Over the past two years, the wind industry has made progress in avoiding those damages. The Pennsylvania/
New Jersey/Maryland ISO, which actually touches on seven mid-Atlantic states, has a liquid transparent spot market in which wind can settle imbalances penalty free. In simple terms, if a generator schedules 100 MW, but delivers 105 MW, the additional 5 MW is sold at spot market prices. Conversely, if only 95 MW is delivered, the transmission system will make up the difference, again at spot market prices. According to Caldwell, this gives wind developers a fixed price revenue stream, which helps when securing financing for projects.
Other areas deal with the problem in other ways, says Caldwell. New York pretends wind has no imbalance between power promised and delivered and retroactively resets the schedule according to the actual meter read. The Electric Reliability Council of Texas uses dynamic scheduling to deliver energy imbalances across the state. But that limits wind sales basically to large utilities that have enough diversity of load and other generating resources to handle the ebb and flow from the wind resource.
The Northwest is considering something closer to the Pennsylvania/New Jersey/Maryland ISO model.
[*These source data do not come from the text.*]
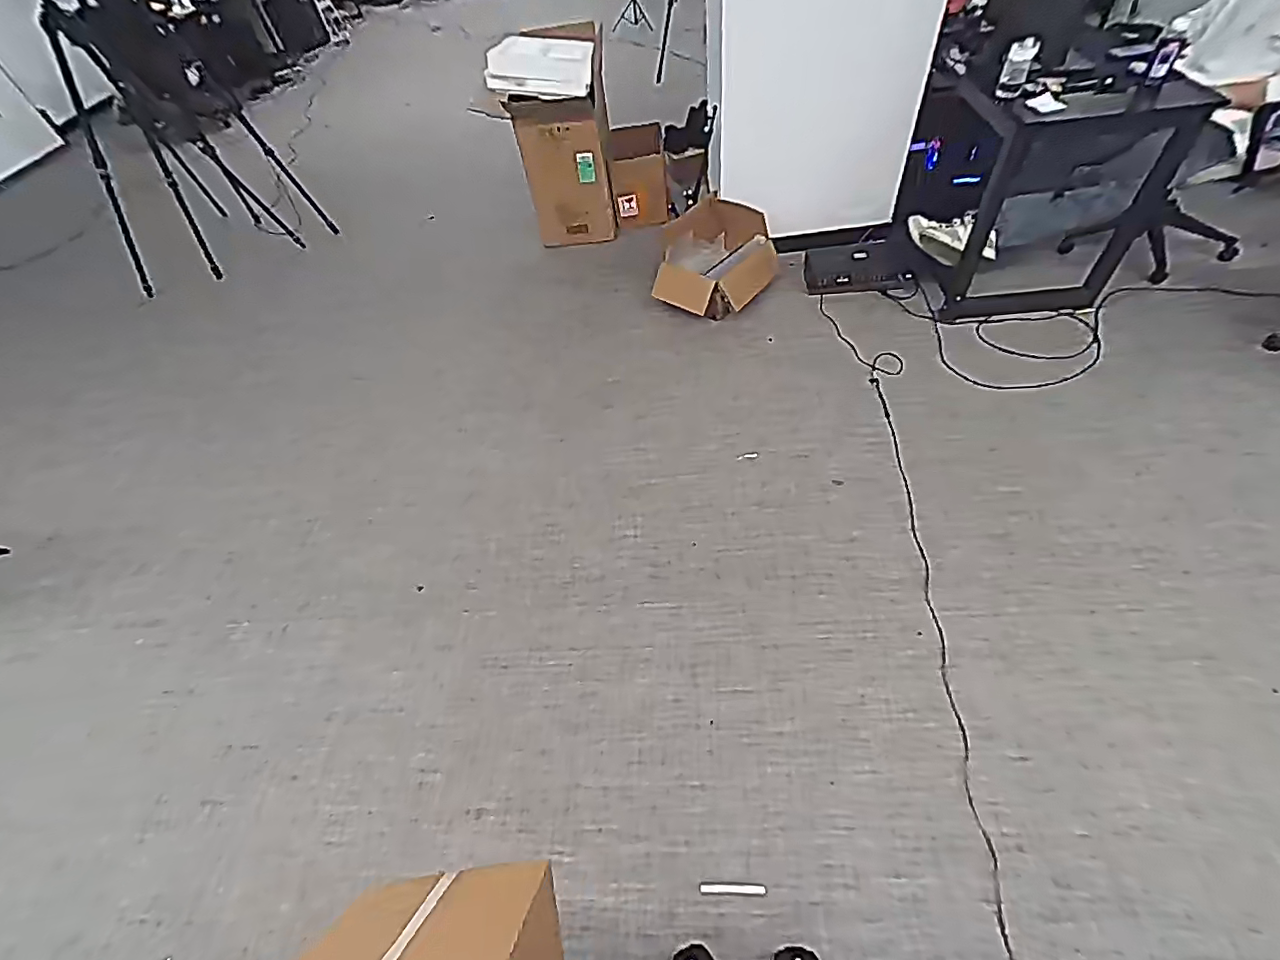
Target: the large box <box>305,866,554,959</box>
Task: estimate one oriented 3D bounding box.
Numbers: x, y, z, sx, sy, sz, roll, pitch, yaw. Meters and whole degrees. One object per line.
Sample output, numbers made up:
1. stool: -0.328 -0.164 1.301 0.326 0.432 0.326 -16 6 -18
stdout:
1. large box: -0.283 0.761 0.654 0.320 0.408 0.320 -11 80 1
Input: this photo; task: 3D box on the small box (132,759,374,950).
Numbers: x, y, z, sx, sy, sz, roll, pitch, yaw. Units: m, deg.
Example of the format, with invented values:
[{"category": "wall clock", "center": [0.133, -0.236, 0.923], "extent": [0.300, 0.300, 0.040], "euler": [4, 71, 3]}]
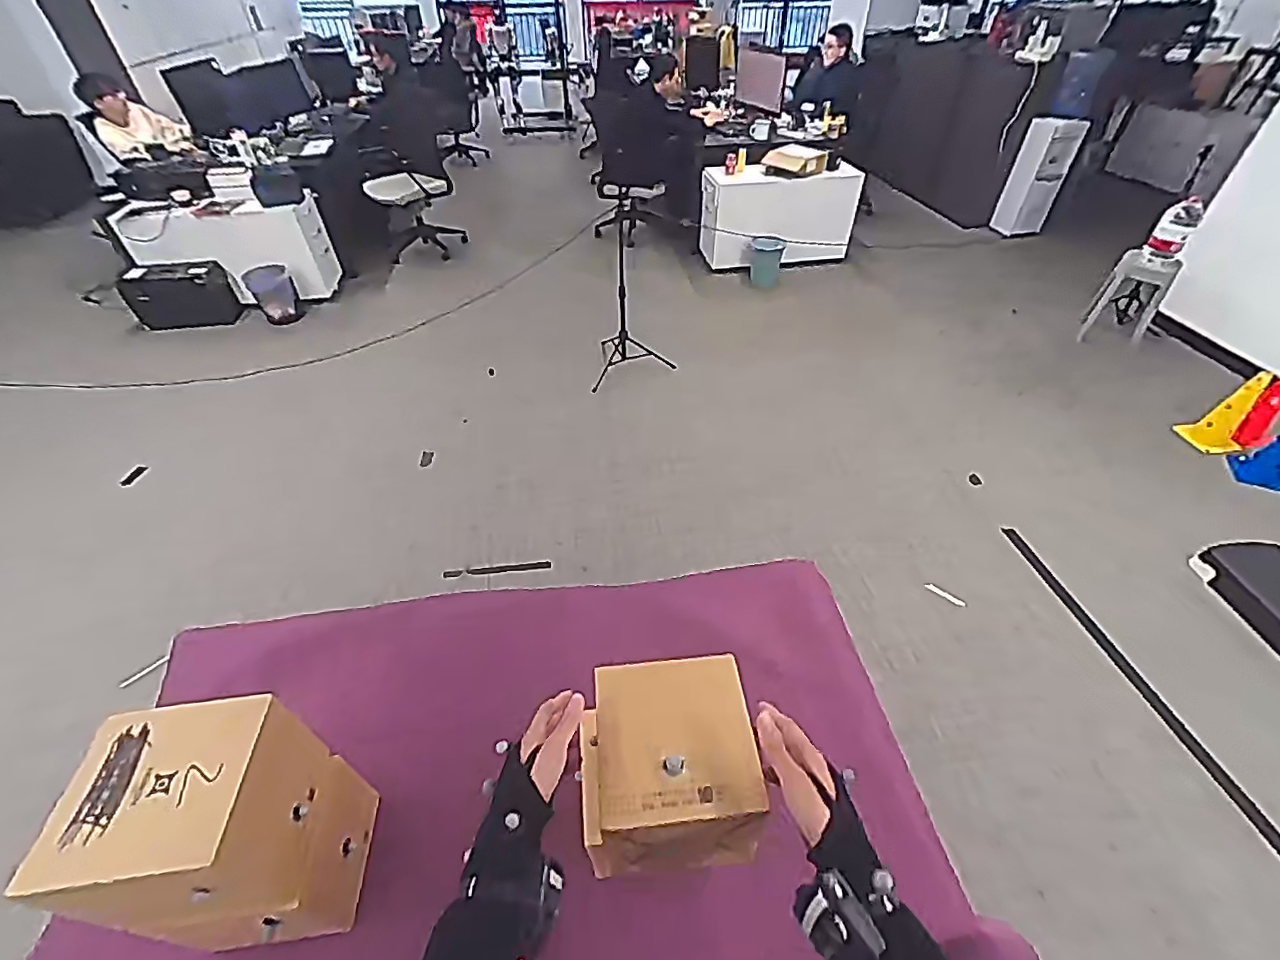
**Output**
[{"category": "small box", "center": [-0.474, 0.487, 0.704], "extent": [0.179, 0.176, 0.168], "euler": [-5, 43, -4]}]

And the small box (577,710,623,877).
[{"category": "small box", "center": [0.009, 0.431, 0.758], "extent": [0.179, 0.176, 0.168], "euler": [-5, 43, -5]}]

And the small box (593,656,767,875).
[{"category": "small box", "center": [0.036, 0.327, 0.618], "extent": [0.168, 0.179, 0.176], "euler": [-5, 43, -4]}]

Right now, if the delivery of power deviates from the schedule by plus or minus 1% or 3 MW, the generator has to pay an onerous penalty amounting to $100/MWh not delivered, says George Darr of the Bonneville Power Administration (BPA). He says BPA's power organisation, along with wind industry and renewables advocates, are asking BPA's transmission organisation for relief from the huge penalty by going to a second tier market rate.
In addition, like California, BPA is also looking at a wind forecasting model. "The direction we're approaching is for the hydro system to deal with wind," Darr says. "If we can predict wind better, we can also run the hydro system better, and it allows for better scheduling." Such a forecasting system, however, begs for a regional sponsor, he says. That could be BPA or it could eventually be the Regional Transmission Organisation (RTO) West, an ISO that Northwest transmission owners are still debating.
There is also the option for the FERC to get involved and make forecasting a basic requirement. That will effectively happen if the federal agency adopts the California model. In that state, wind farm owners will develop the wind forecasting system and the ISO will operate it. Wind generators will pay a forecasting fee of $0.10/MWh and will set transmission schedules according to the forecast. If the wind generators contribute to the costs and schedule according to the forecast, then generation imbalance penalties will be waived.
FERC is due to decide the issue in the first quarter of 2002. Even if the wind industry is successful, transmission issues like upgrades and expansion must still be dealt with. But those are issues for all players, not just for wind.